少しずつだけど、ようやく頭が機能してきた。ここがどこで、僕が何をしていたかをはっきりと思い出す。うん、完全に覚醒した。
でも珍しいな。僕が今まで寝ているなんて。
ギルド臨時職員時代なら朝日が昇る前に起きて、朝日が昇ると同時に出社していたのに。昨日のことで疲れていたとはいえ、正直驚きモノだ。人間、案外早く生活リズムが崩れるモノなんだなあと考える。
「さて、今日の予定はっと」
窓の前で両手を掲げ背伸びをした僕は、本日行なうべき業務。もとい、本日行う行動の考えを声に出す。
「そうだ、ギルドに行って、ウバルさん達に会って昨日の報酬のことを話し合わないと」
昨日のこと。
イシューさんからの依頼でニール平原にポーションの調合に使う薬草の採取をしている途中、第二級禁竜 ジゴセググと出くわした。ウバルさん、ディンさん、キャディさん、ルフーナさんの力も借りて、ジゴセググの尾を切断し何とか撤退に追い込むことが出来た。

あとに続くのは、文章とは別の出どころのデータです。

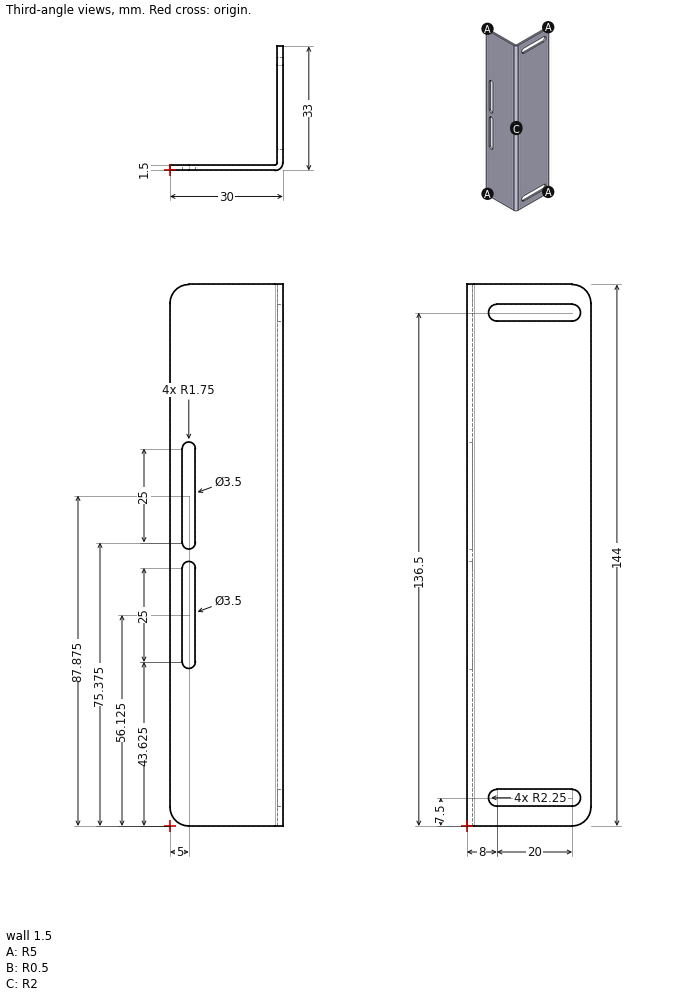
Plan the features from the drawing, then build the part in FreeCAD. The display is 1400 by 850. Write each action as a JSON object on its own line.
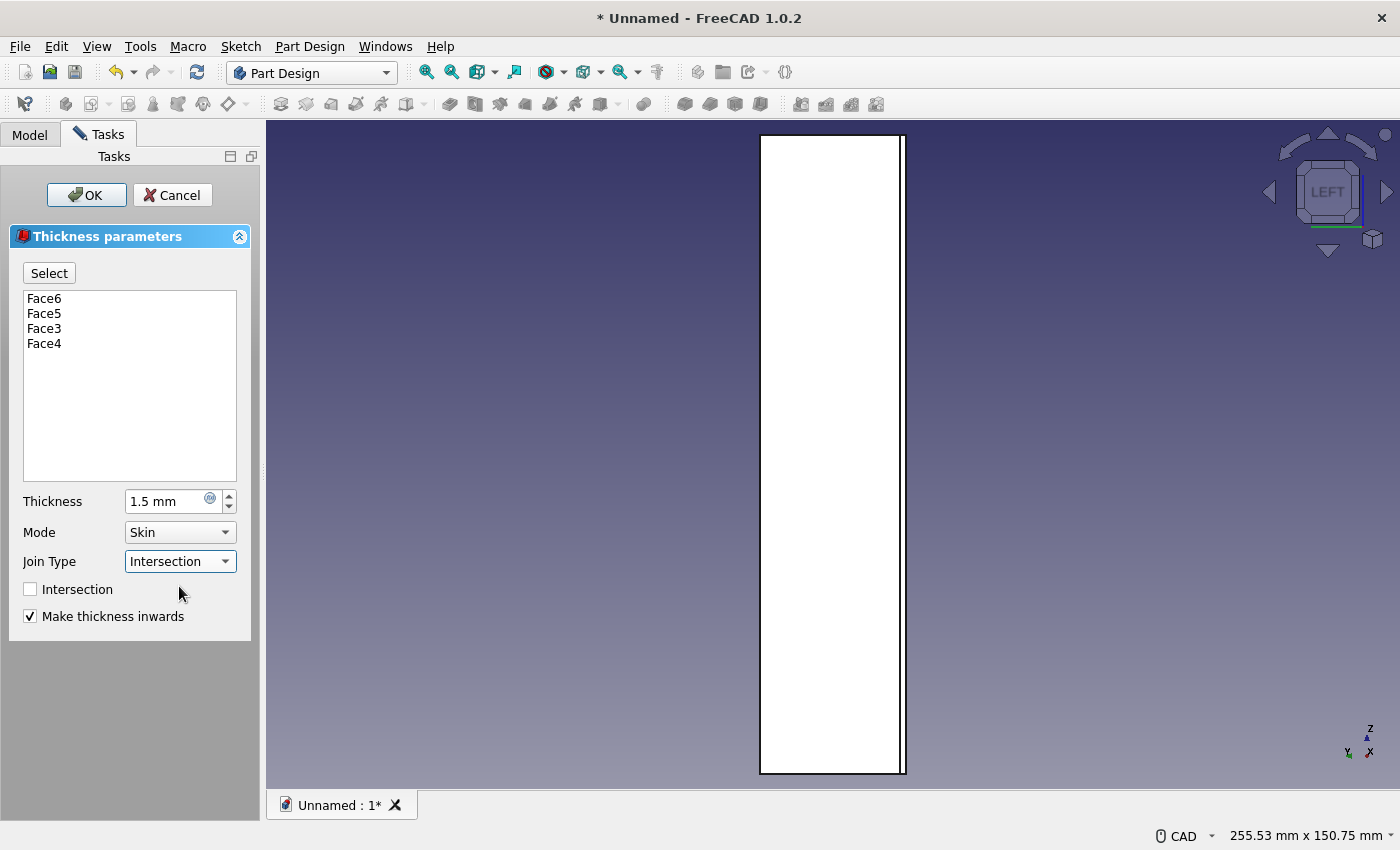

その後、僕達はギルドでジゴセググについてを報告した。ギルド職員は怪訝そうな表情をしていたが、証明として持ち帰った、と言えば聞こえは良いが、ジゴセググを撤退させるために皆で何とか切り取った尾なのだけど。その尾がニール平原で戦ったことに嘘偽りがないことを証明してくれていた。
「……でもなぁ」
ギルド職員の怪訝な表情。本当に僕らがニール平原でジゴセググと戦ったのか。という疑問とは違う事を考えていると思う。
ならば、と僕は考える。
どうせ今日、ギルドに報酬の受取りに行くのだから、そのとき話を聞いてみよう。何か分かるかも知れないし、大したことじゃなければ、それはそれで良い。
「まずは、着替えるかな」
そう呟いて、頭をクルリと一回転させて首をならした。
「ナリオか」
「ドイトンさん。おはようございます」
「ああ、おはよう」
階段をゆっくり下って一階の食事場に降りると、足音で気がついたのか、カウンターの奥からひょっこりと顔を出したドイトンさん。
「早いな。眠れなかったか?」
「いえいえ。むしろ快眠でした。二階を貸していただき、ありがとうございます」
無表情で心配そうに僕を見るドイトンさんに、僕は笑顔を見せた後、深く頭を下げた。
昨日、無事にイシューさんからの依頼であった『下級上位ポーション十本と上級下位ポーションの調合』は無事に終わり、イシューさんが作る予定のクランへ入る決意をしたあと、僕とルーマはナネテブ・ワルの二階で泊まることとなった。イシューさん曰く。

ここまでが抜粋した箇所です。